Imaginative Profiles:  One man posted "Looking for a wealthy widow or divorcee with a ranch who is tired of the BS. I recently lost my ranch and all my property and I am looking for someone to share." Talk about a sense of entitlement!  Or this one: "Seeking a woman with a Subaru Outback, DSL, a dog, a garden tractor or a kayak, and season tickets to the symphony or the theater.  Send picture of garden tractor, Subaru, and dog (s). Or show me your cast iron skillets, and sourdough starter and bake me some biscuits."  No dude, you bake ME  some biscuits!
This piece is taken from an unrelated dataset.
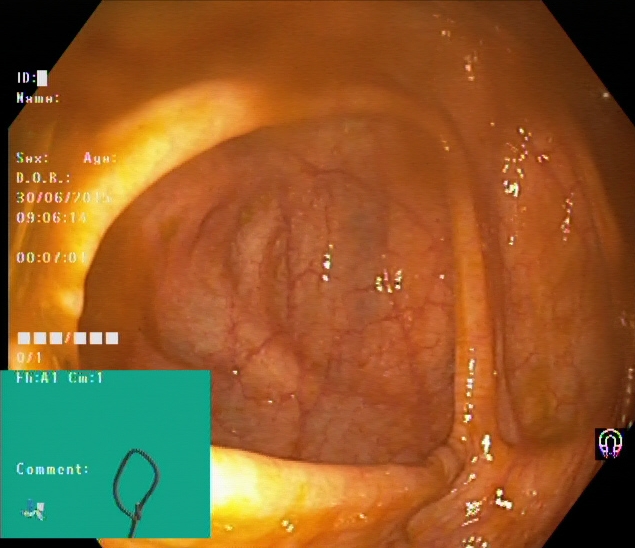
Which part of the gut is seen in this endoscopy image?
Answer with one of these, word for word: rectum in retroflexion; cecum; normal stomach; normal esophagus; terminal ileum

cecum

How about this one?  "I am a world class kisser seeking additional private lessons from a seasoned pro.  I schedule is flexible.  Willing to fly." Hmmm,,, intrigued by the world class kissing.   

Huffington Posts Online Dating Fails:  "There are precisely the correct number hours in the day.  the night is what needs to be longer so my burglary and vandalism can become more lucrative."  And "Hey, I;m really hot.  Send me a cute message sometime.  Try to get to know me. Everybody loves me." Maybe I was using the wrong tactics!